Source data Start Marker

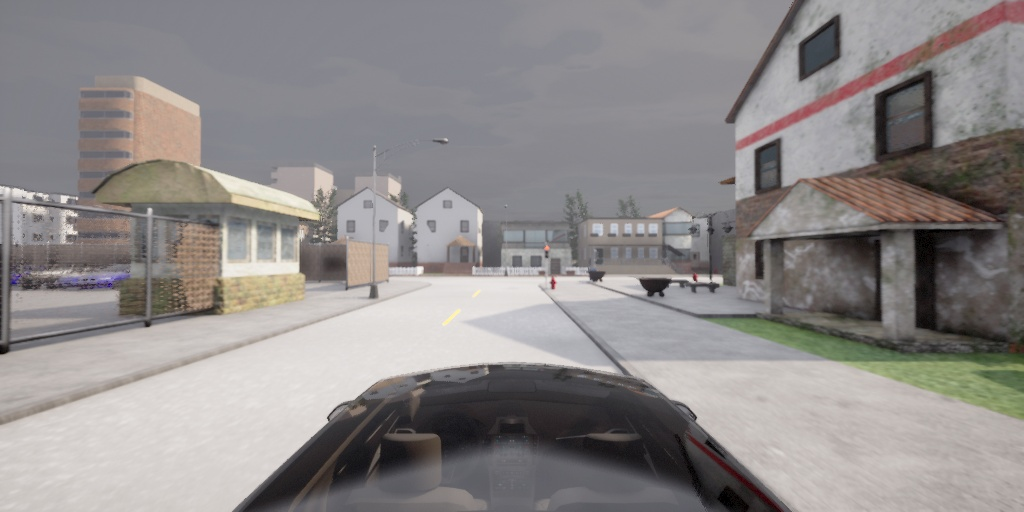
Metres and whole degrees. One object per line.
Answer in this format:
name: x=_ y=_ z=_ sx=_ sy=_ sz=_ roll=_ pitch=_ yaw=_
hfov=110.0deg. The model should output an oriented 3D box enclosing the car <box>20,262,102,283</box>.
car: x=-44.078 y=1.603 z=35.113 sx=4.902 sy=1.511 sz=2.128 roll=0 pitch=-1 yaw=0
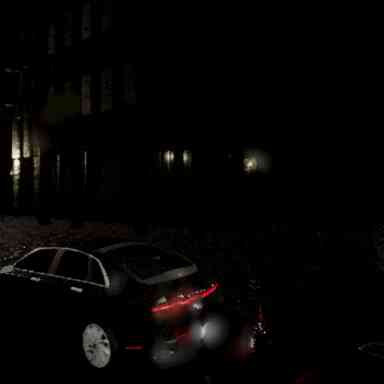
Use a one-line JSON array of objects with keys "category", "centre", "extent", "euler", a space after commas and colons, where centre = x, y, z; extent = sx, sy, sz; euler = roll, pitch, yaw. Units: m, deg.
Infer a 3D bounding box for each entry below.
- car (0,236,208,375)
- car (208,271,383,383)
[{"category": "car", "centre": [-1.798, 1.521, 5.653], "extent": [4.892, 1.490, 1.837], "euler": [0, 0, 36]}, {"category": "car", "centre": [3.052, 1.237, 2.172], "extent": [5.566, 2.045, 2.150], "euler": [0, 0, 36]}]
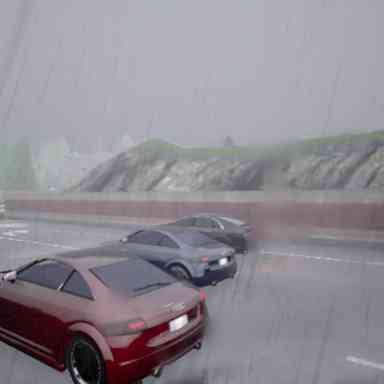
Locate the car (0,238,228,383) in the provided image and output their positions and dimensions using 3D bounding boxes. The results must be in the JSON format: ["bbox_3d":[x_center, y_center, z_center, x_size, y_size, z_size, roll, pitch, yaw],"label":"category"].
[{"bbox_3d":[-1.796,1.599,5.273,4.181,1.385,1.994,-1,0,35],"label":"car"}]

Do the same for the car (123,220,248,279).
[{"bbox_3d":[-0.904,1.611,8.935,4.181,1.385,1.994,0,0,35],"label":"car"}]

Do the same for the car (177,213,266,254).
[{"bbox_3d":[0.291,1.557,12.381,4.892,1.490,1.837,-1,-1,35],"label":"car"}]

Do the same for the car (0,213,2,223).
[{"bbox_3d":[-15.328,1.706,23.516,4.892,1.490,1.837,-1,-1,35],"label":"car"}]
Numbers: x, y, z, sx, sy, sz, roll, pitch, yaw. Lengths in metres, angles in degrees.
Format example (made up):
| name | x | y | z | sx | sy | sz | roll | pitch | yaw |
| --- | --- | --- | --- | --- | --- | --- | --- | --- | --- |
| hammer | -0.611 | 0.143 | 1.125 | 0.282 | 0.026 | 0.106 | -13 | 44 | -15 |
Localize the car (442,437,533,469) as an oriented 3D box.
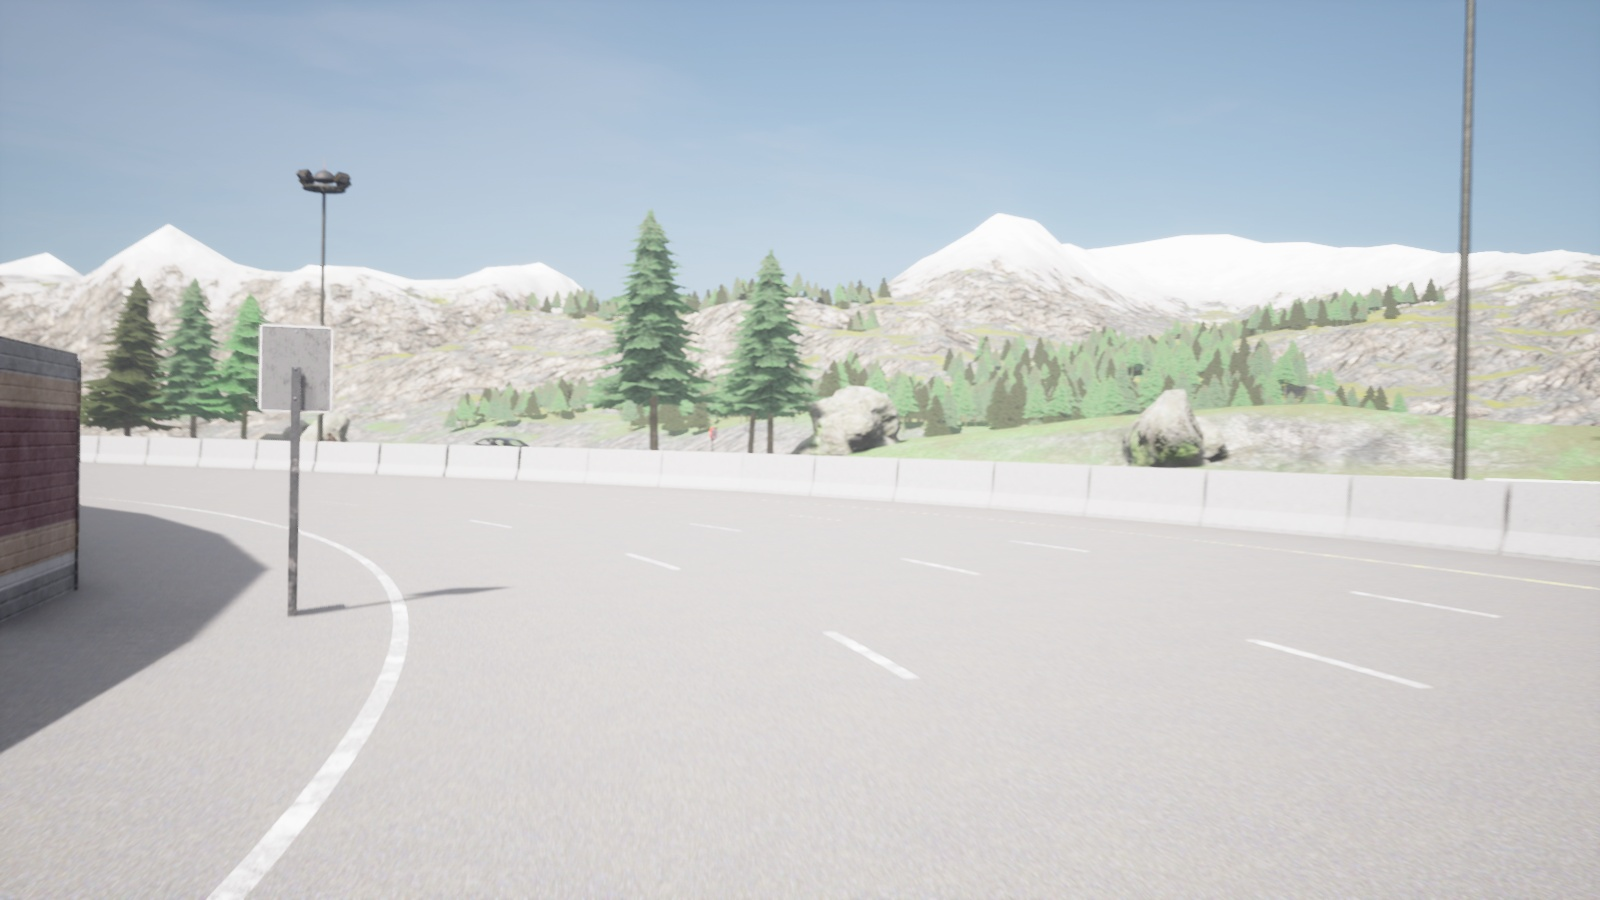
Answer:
| name | x | y | z | sx | sy | sz | roll | pitch | yaw |
| --- | --- | --- | --- | --- | --- | --- | --- | --- | --- |
| car | -15.542 | 0.146 | 62.401 | 4.193 | 1.474 | 1.816 | 1 | 1 | 26 |
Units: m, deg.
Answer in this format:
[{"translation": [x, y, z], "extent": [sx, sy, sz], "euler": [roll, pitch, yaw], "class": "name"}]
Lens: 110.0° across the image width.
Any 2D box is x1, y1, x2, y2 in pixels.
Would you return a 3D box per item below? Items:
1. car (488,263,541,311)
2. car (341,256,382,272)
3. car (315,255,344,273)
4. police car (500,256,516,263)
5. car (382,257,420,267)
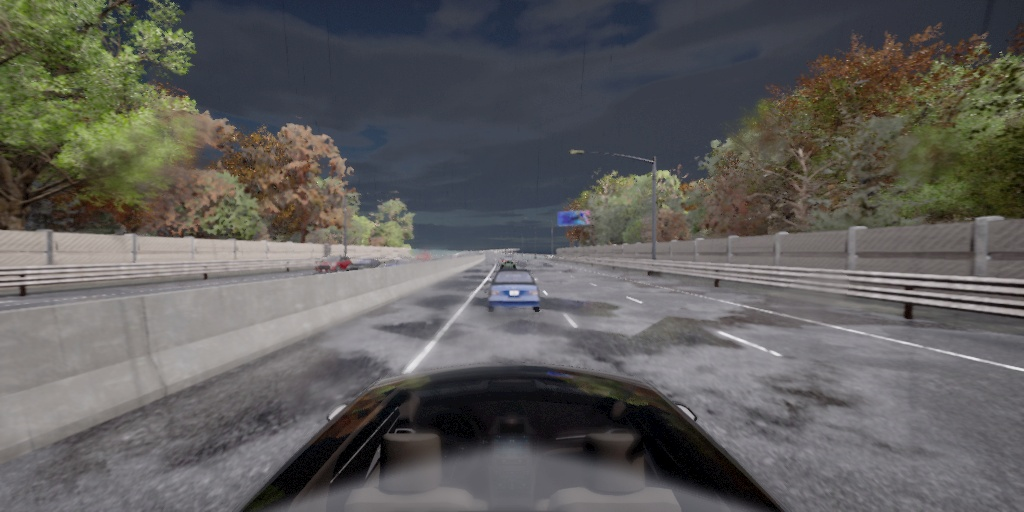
[{"translation": [0.049, 1.181, 13.771], "extent": [2.033, 1.411, 5.357], "euler": [0, 1, -1], "class": "car"}, {"translation": [-14.430, 0.977, 35.527], "extent": [2.033, 1.411, 5.357], "euler": [0, 1, -1], "class": "car"}, {"translation": [-17.944, 0.775, 36.359], "extent": [2.097, 1.767, 4.553], "euler": [0, 1, -1], "class": "car"}, {"translation": [-0.479, 0.827, 45.887], "extent": [2.038, 1.542, 4.974], "euler": [0, 0, -1], "class": "police car"}, {"translation": [-10.931, 1.028, 35.620], "extent": [1.895, 1.301, 4.718], "euler": [0, 1, -1], "class": "car"}]
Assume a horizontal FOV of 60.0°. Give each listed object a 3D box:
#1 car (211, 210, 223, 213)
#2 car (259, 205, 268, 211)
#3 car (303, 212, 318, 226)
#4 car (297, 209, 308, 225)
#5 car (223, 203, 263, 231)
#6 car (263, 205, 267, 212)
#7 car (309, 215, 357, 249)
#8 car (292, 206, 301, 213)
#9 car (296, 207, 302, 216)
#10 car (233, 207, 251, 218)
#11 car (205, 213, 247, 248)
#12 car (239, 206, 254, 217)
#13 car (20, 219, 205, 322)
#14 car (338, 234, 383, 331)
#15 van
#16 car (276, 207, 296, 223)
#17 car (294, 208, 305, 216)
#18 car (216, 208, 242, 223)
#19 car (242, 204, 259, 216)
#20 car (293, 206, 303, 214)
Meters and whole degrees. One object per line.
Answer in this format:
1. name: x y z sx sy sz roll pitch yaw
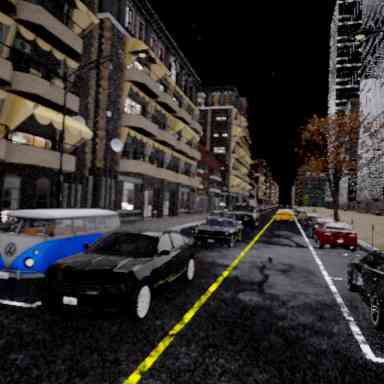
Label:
1. car: 2.550 2.323 30.730 1.947 1.339 4.313 3 -1 16
2. car: 19.300 4.342 89.627 1.947 1.339 4.313 3 -1 16
3. car: 9.080 2.422 23.074 2.008 1.369 4.403 3 -1 16
4. car: 12.126 2.787 33.783 2.008 1.369 4.403 3 -1 16
5. car: 4.308 1.982 27.406 2.150 2.045 5.566 2 -1 16
6. car: 14.747 3.539 73.568 2.192 1.841 5.009 3 -1 16
7. car: 7.558 2.234 17.719 1.887 1.381 4.507 3 -1 16
8. car: 27.360 4.513 87.328 1.967 1.590 4.097 3 -1 16
9. car: 15.220 3.133 44.656 1.752 1.417 4.829 3 -1 16
10. car: 7.118 2.872 46.793 1.947 1.339 4.313 3 -1 16
11. car: 1.482 2.026 17.556 1.895 1.301 4.718 2 -1 16
12. car: 8.597 3.009 51.984 1.752 1.417 4.829 3 -1 16
13. car: -1.290 1.572 7.799 1.882 1.535 5.008 2 -1 16
14. car: 4.511 1.892 7.012 1.947 1.339 4.313 3 -1 16
15. van: -3.528 1.372 9.317 1.690 1.788 3.998 3 -1 16
16. car: 11.023 2.790 39.423 1.882 1.535 5.008 2 -1 16
17. car: 21.263 3.887 65.908 2.008 1.369 4.403 3 -1 16
18. car: 4.074 2.491 36.084 2.008 1.369 4.403 3 -1 16
19. car: 10.179 2.988 57.506 2.192 1.841 5.009 3 -1 16
20. car: 24.314 4.144 76.619 1.967 1.590 4.097 3 -1 16
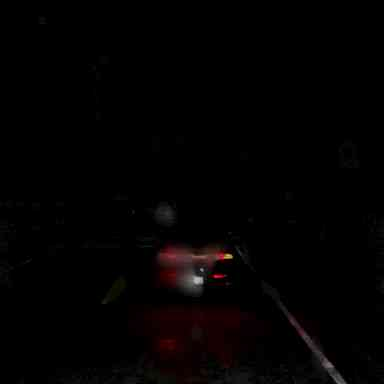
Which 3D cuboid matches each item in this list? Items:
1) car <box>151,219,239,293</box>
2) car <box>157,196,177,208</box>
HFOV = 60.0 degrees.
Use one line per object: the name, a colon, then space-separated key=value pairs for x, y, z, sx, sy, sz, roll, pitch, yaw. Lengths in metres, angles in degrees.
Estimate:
car: x=0.081 y=1.464 z=8.750 sx=2.128 sy=1.511 sz=4.902 roll=0 pitch=0 yaw=0
car: x=-3.606 y=1.351 z=45.087 sx=2.128 sy=1.511 sz=4.902 roll=0 pitch=0 yaw=0
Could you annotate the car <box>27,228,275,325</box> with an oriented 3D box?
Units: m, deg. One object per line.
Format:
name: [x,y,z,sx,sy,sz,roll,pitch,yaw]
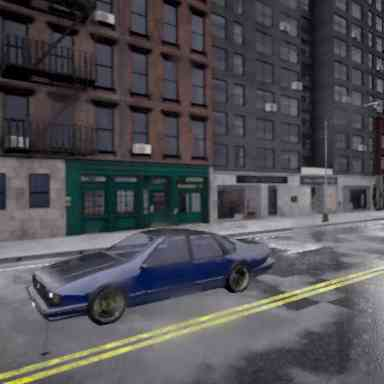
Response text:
car: [-0.557,1.537,7.275,5.357,1.411,2.033,0,0,-35]

Source data End Marker

> Exercise goal
Reproduce the entries above exactly, though not their pictures.

> Written response
Metres and whole degrees. One object per line.
Answer in this format:
name: x=_ y=_ z=_ sx=_ sy=_ sz=_ roll=_ pitch=_ yaw=_
hfov=110.0deg. The model should output an oriented 3D box enclosing the car <box>20,262,102,283</box>.
car: x=-44.078 y=1.603 z=35.113 sx=4.902 sy=1.511 sz=2.128 roll=0 pitch=-1 yaw=0
Use a one-line JSON array of objects with keys "category", "centre", "extent", "euler", a space after commas and colons, where centre = x, y, z; extent = sx, sy, sz; euler = roll, pitch, yaw. Units: m, deg.
Infer a 3D bounding box for each entry below.
- car (0,236,208,375)
- car (208,271,383,383)
[{"category": "car", "centre": [-1.798, 1.521, 5.653], "extent": [4.892, 1.490, 1.837], "euler": [0, 0, 36]}, {"category": "car", "centre": [3.052, 1.237, 2.172], "extent": [5.566, 2.045, 2.150], "euler": [0, 0, 36]}]
Locate the car (0,238,228,383) in the provided image and output their positions and dimensions using 3D bounding boxes. The results must be in the JSON format: ["bbox_3d":[x_center, y_center, z_center, x_size, y_size, z_size, roll, pitch, yaw],"label":"category"].
[{"bbox_3d":[-1.796,1.599,5.273,4.181,1.385,1.994,-1,0,35],"label":"car"}]

Do the same for the car (123,220,248,279).
[{"bbox_3d":[-0.904,1.611,8.935,4.181,1.385,1.994,0,0,35],"label":"car"}]

Do the same for the car (177,213,266,254).
[{"bbox_3d":[0.291,1.557,12.381,4.892,1.490,1.837,-1,-1,35],"label":"car"}]

Do the same for the car (0,213,2,223).
[{"bbox_3d":[-15.328,1.706,23.516,4.892,1.490,1.837,-1,-1,35],"label":"car"}]
Numbers: x, y, z, sx, sy, sz, roll, pitch, yaw. Lengths in metres, angles in degrees.
Format example (made up):
| name | x | y | z | sx | sy | sz | roll | pitch | yaw |
| --- | --- | --- | --- | --- | --- | --- | --- | --- | --- |
| hammer | -0.611 | 0.143 | 1.125 | 0.282 | 0.026 | 0.106 | -13 | 44 | -15 |
Localize the car (442,437,533,469) as an oriented 3D box.
Answer:
| name | x | y | z | sx | sy | sz | roll | pitch | yaw |
| --- | --- | --- | --- | --- | --- | --- | --- | --- | --- |
| car | -15.542 | 0.146 | 62.401 | 4.193 | 1.474 | 1.816 | 1 | 1 | 26 |
Units: m, deg.
Answer in this format:
[{"translation": [x, y, z], "extent": [sx, sy, sz], "euler": [roll, pitch, yaw], "class": "name"}]
Lens: 110.0° across the image width.
Any 2D box is x1, y1, x2, y2 in pixels.
Would you return a 3D box per item below? Items:
1. car (488,263,541,311)
2. car (341,256,382,272)
3. car (315,255,344,273)
4. police car (500,256,516,263)
5. car (382,257,420,267)
[{"translation": [0.049, 1.181, 13.771], "extent": [2.033, 1.411, 5.357], "euler": [0, 1, -1], "class": "car"}, {"translation": [-14.430, 0.977, 35.527], "extent": [2.033, 1.411, 5.357], "euler": [0, 1, -1], "class": "car"}, {"translation": [-17.944, 0.775, 36.359], "extent": [2.097, 1.767, 4.553], "euler": [0, 1, -1], "class": "car"}, {"translation": [-0.479, 0.827, 45.887], "extent": [2.038, 1.542, 4.974], "euler": [0, 0, -1], "class": "police car"}, {"translation": [-10.931, 1.028, 35.620], "extent": [1.895, 1.301, 4.718], "euler": [0, 1, -1], "class": "car"}]
Assume a horizontal FOV of 60.0°. Give each listed object a 3D box:
#1 car (211, 210, 223, 213)
#2 car (259, 205, 268, 211)
#3 car (303, 212, 318, 226)
#4 car (297, 209, 308, 225)
#5 car (223, 203, 263, 231)
#6 car (263, 205, 267, 212)
#7 car (309, 215, 357, 249)
#8 car (292, 206, 301, 213)
#9 car (296, 207, 302, 216)
#10 car (233, 207, 251, 218)
#11 car (205, 213, 247, 248)
#12 car (239, 206, 254, 217)
#13 car (20, 219, 205, 322)
#14 car (338, 234, 383, 331)
#15 van
#16 car (276, 207, 296, 223)
#17 car (294, 208, 305, 216)
#18 car (216, 208, 242, 223)
#19 car (242, 204, 259, 216)
#20 car (293, 206, 303, 214)
Meters and whole degrees. One object per line.
Answer in this format:
1. name: x y z sx sy sz roll pitch yaw
Label:
1. car: 2.550 2.323 30.730 1.947 1.339 4.313 3 -1 16
2. car: 19.300 4.342 89.627 1.947 1.339 4.313 3 -1 16
3. car: 9.080 2.422 23.074 2.008 1.369 4.403 3 -1 16
4. car: 12.126 2.787 33.783 2.008 1.369 4.403 3 -1 16
5. car: 4.308 1.982 27.406 2.150 2.045 5.566 2 -1 16
6. car: 14.747 3.539 73.568 2.192 1.841 5.009 3 -1 16
7. car: 7.558 2.234 17.719 1.887 1.381 4.507 3 -1 16
8. car: 27.360 4.513 87.328 1.967 1.590 4.097 3 -1 16
9. car: 15.220 3.133 44.656 1.752 1.417 4.829 3 -1 16
10. car: 7.118 2.872 46.793 1.947 1.339 4.313 3 -1 16
11. car: 1.482 2.026 17.556 1.895 1.301 4.718 2 -1 16
12. car: 8.597 3.009 51.984 1.752 1.417 4.829 3 -1 16
13. car: -1.290 1.572 7.799 1.882 1.535 5.008 2 -1 16
14. car: 4.511 1.892 7.012 1.947 1.339 4.313 3 -1 16
15. van: -3.528 1.372 9.317 1.690 1.788 3.998 3 -1 16
16. car: 11.023 2.790 39.423 1.882 1.535 5.008 2 -1 16
17. car: 21.263 3.887 65.908 2.008 1.369 4.403 3 -1 16
18. car: 4.074 2.491 36.084 2.008 1.369 4.403 3 -1 16
19. car: 10.179 2.988 57.506 2.192 1.841 5.009 3 -1 16
20. car: 24.314 4.144 76.619 1.967 1.590 4.097 3 -1 16
Which 3D cuboid matches each item in this list? Items:
1) car <box>151,219,239,293</box>
2) car <box>157,196,177,208</box>
HFOV = 60.0 degrees.
Use one line per object: the name, a colon, then space-separated key=value pairs for x, y, z, sx, sy, sz, roll, pitch, yaw. Lengths in metres, angles in degrees.
Estimate:
car: x=0.081 y=1.464 z=8.750 sx=2.128 sy=1.511 sz=4.902 roll=0 pitch=0 yaw=0
car: x=-3.606 y=1.351 z=45.087 sx=2.128 sy=1.511 sz=4.902 roll=0 pitch=0 yaw=0
Could you annotate the car <box>27,228,275,325</box> with an oriented 3D box?
Units: m, deg. One object per line.
Format:
name: [x,y,z,sx,sy,sz,roll,pitch,yaw]
Response text:
car: [-0.557,1.537,7.275,5.357,1.411,2.033,0,0,-35]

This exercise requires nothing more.